G-WAN 3.3.28 (pid:3110)
simon@ubuntu:~/weighttp$ ./build/default/weighttp -n 10000000 -c 1000 -t 4 -k “http://127.0.0.1:8080/100.html”
weighttp – a lightweight and simple webserver benchmarking tool
host: ‘127.0.0.1’, port: 8080
starting benchmark…
spawning thread #1: 250 concurrent requests, 2500000 total requests
spawning thread #2: 250 concurrent requests, 2500000 total requests
spawning thread #3: 250 concurrent requests, 2500000 total requests
spawning thread #4: 250 concurrent requests, 2500000 total requests
progress: 10% done
progress: 20% done
progress: 30% done
progress: 40% done
progress: 50% done
progress: 60% done
progress: 70% done
progress: 80% done
progress: 90% done
progress: 100% done
finished in 61 sec, 501 millisec and 457 microsec, 162597 req/s, 59862 kbyte/s
requests: 10000000 total, 10000000 started, 10000000 done, 10000000 succeeded, 0 failed, 0 errored
status codes: 10000000 2xx, 0 3xx, 0 4xx, 0 5xx
traffic: 3770000000 bytes total, 2770000000 bytes http, 1000000000 bytes data
Now the libsxe figures:
simon@ubuntu:~/sxe-httpd/sxe-httpd$ ./build-linux-64-release/sxe-httpd 127.0.0.1 8080 10000
20120426 211759.525 T 10198 —— 1 – sxe-httpd starting // detected cpus: 8
20120426 211759.525 T 10198 —— 1 – sxe-httpd parent forking 7 times
20120426 211759.525 T 10199 —— 1 – sxe-httpd child created
20120426 211759.525 T 10200 —— 1 – sxe-httpd child created
20120426 211759.525 T 10201 —— 1 – sxe-httpd child created
20120426 211759.526 T 10202 —— 1 – sxe-httpd child created
20120426 211759.526 T 10203 —— 1 – sxe-httpd child created
20120426 211759.526 T 10204 —— 1 – sxe-httpd child created
20120426 211759.526 T 10205 —— 1 – sxe-httpd child created
simon@ubuntu:~/weighttp$ ./build/default/weighttp -n 10000000 -c 1000 -t 4 -k “http://127.0.0.1:8080/100.html”

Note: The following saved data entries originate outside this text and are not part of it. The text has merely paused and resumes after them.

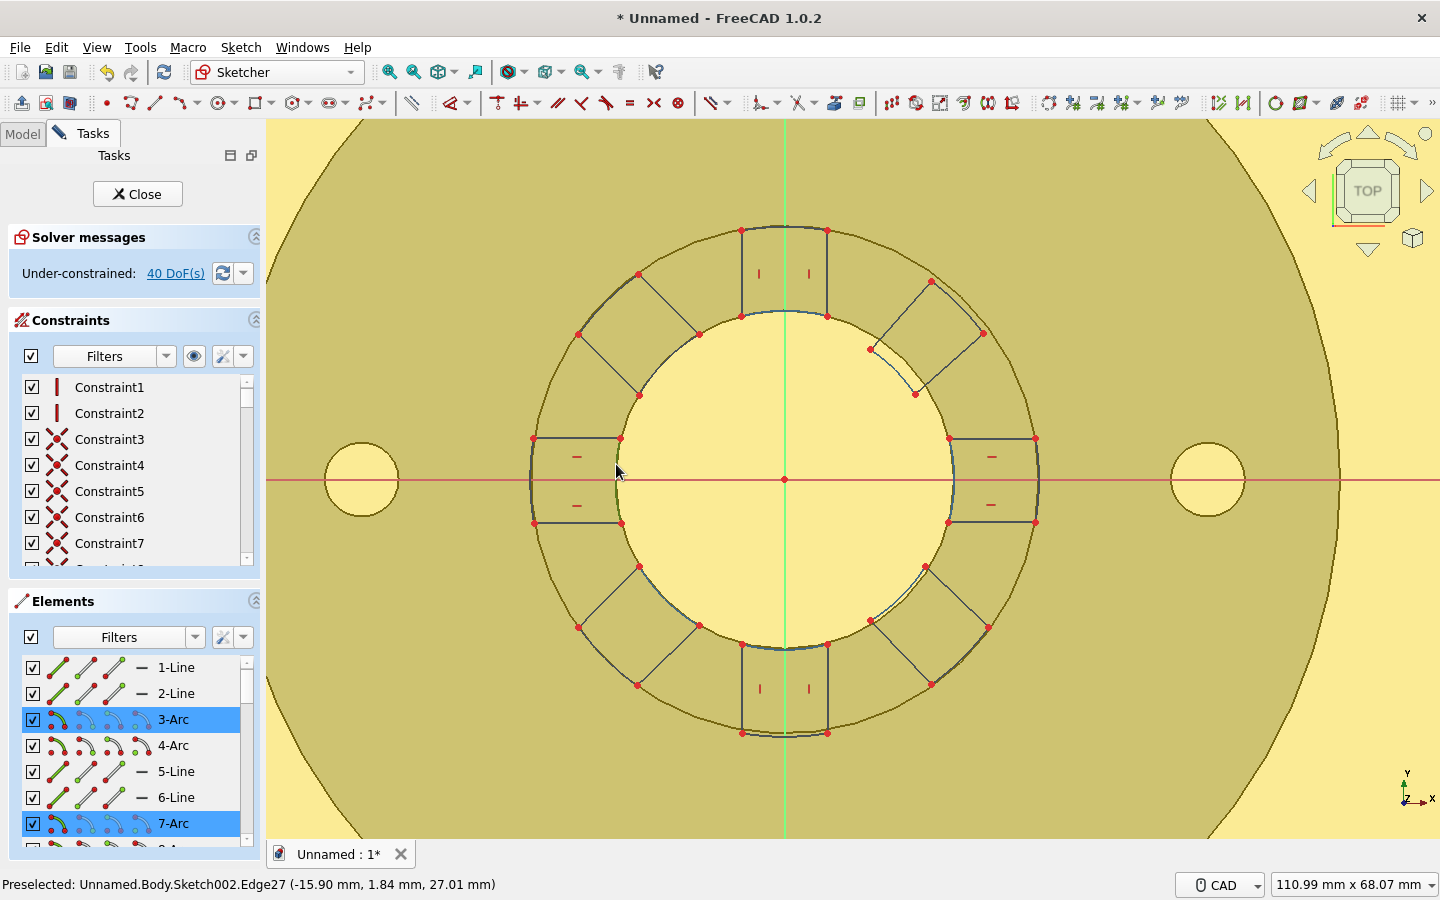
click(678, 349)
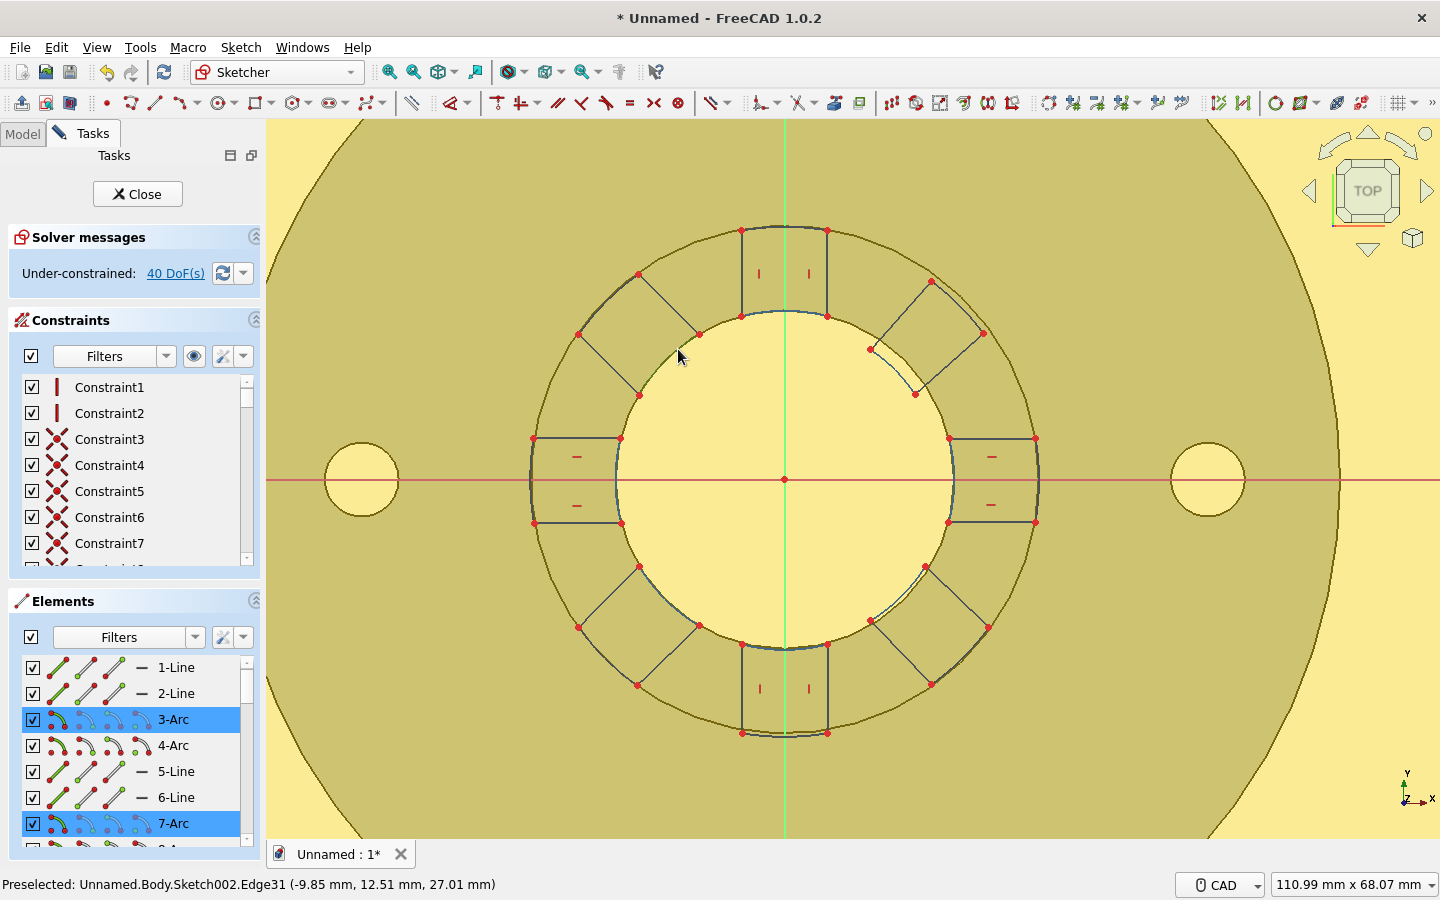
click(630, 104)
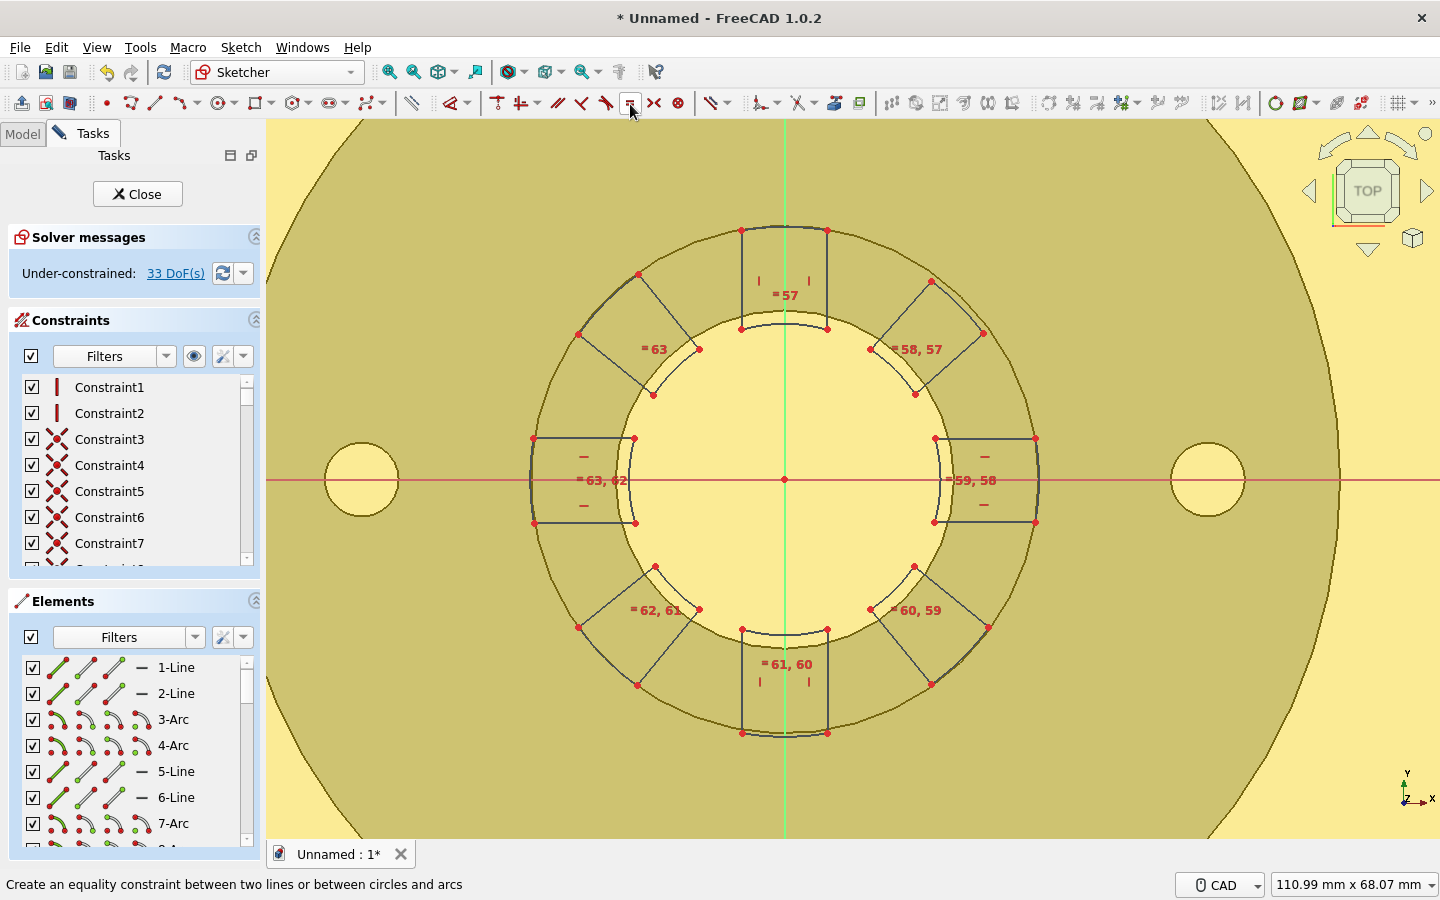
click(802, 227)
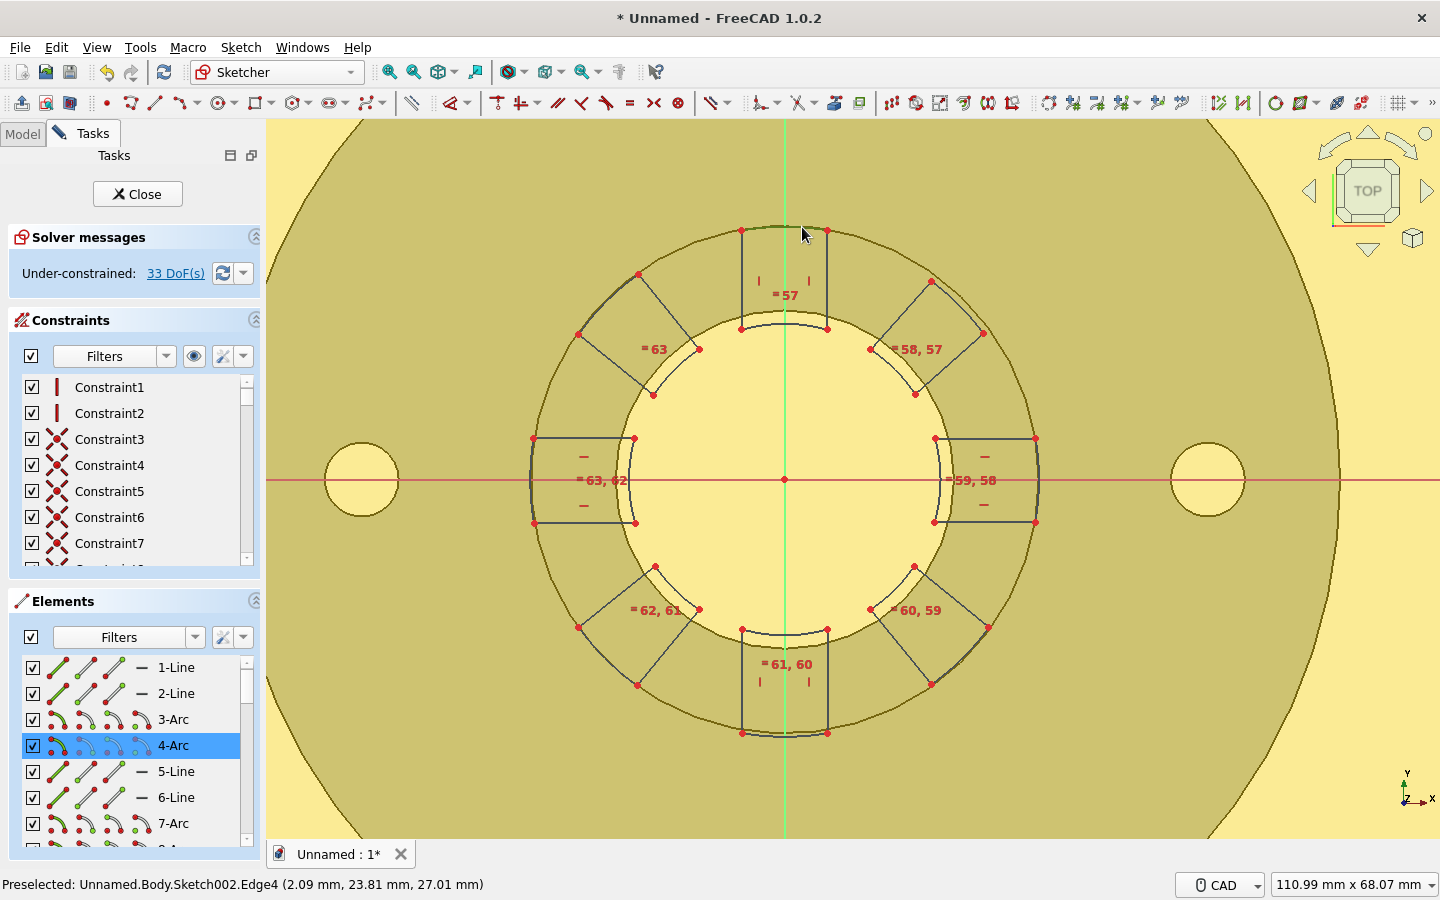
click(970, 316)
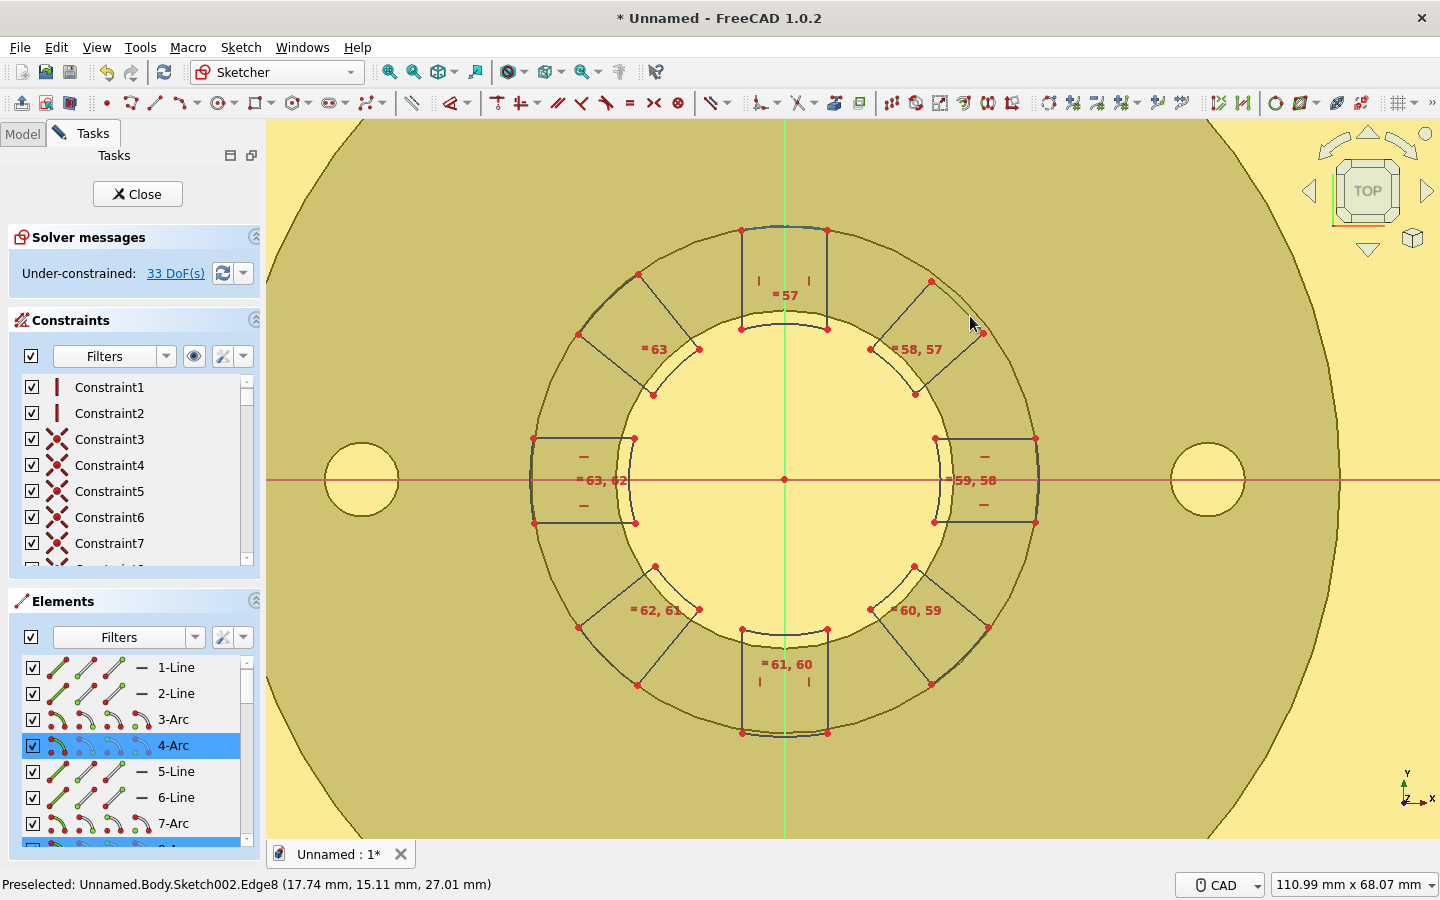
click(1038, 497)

weighttp – a lightweight and simple webserver benchmarking tool
host: ‘127.0.0.1’, port: 8080
starting benchmark…
spawning thread #1: 250 concurrent requests, 2500000 total requests
spawning thread #2: 250 concurrent requests, 2500000 total requests
spawning thread #3: 250 concurrent requests, 2500000 total requests
spawning thread #4: 250 concurrent requests, 2500000 total requests
progress: 10% done
progress: 20% done
progress: 30% done
progress: 40% done
progress: 50% done
progress: 60% done
progress: 70% done
progress: 80% done
progress: 90% done
progress: 100% done
finished in 34 sec, 79 millisec and 878 microsec, 293428 req/s, 108316 kbyte/s
requests: 10000000 total, 10000000 started, 10000000 done, 10000000 succeeded, 0 failed, 0 errored
status codes: 10000000 2xx, 0 3xx, 0 4xx, 0 5xx
traffic: 3780000000 bytes total, 2780000000 bytes http, 1000000000 bytes data
Conclusion:
At 162597 versus 293428 requests per second, libsxe is significantly — or 1.8 times — faster than G-WAN for this simple performance test using 8 cores. Although G-WAN calls itself the fastest web server available — and admittedly is very fast — it obviously suffers internally from quite a bit of overhead even for such a trivial performance test such as this one. And with libsxe the CPU bottleneck is really the networking layer in the kernel… so what is G-WAN doing with all those spare CPU cycles? Looks like G-WAN might have room for optimization yet? Or maybe it’s partly due to libsxe’s fixed memory model which does away with the unnecessary and repetitive malloc() / free() cycle? I guess we’ll never know since G-WAN is closed source.
EDIT: Since running this test we have found two potential problems with G-WAN which mean that these figures are unreliable (see thread below): (a) G-WAN’s performance seems highly tuned to particular processors but it’s supplied as a single binary executable meaning that performance tests may vary wildly, and (b) G-WAN doesn’t scale linearly as the number of cores increase even with the simplest of performance tests.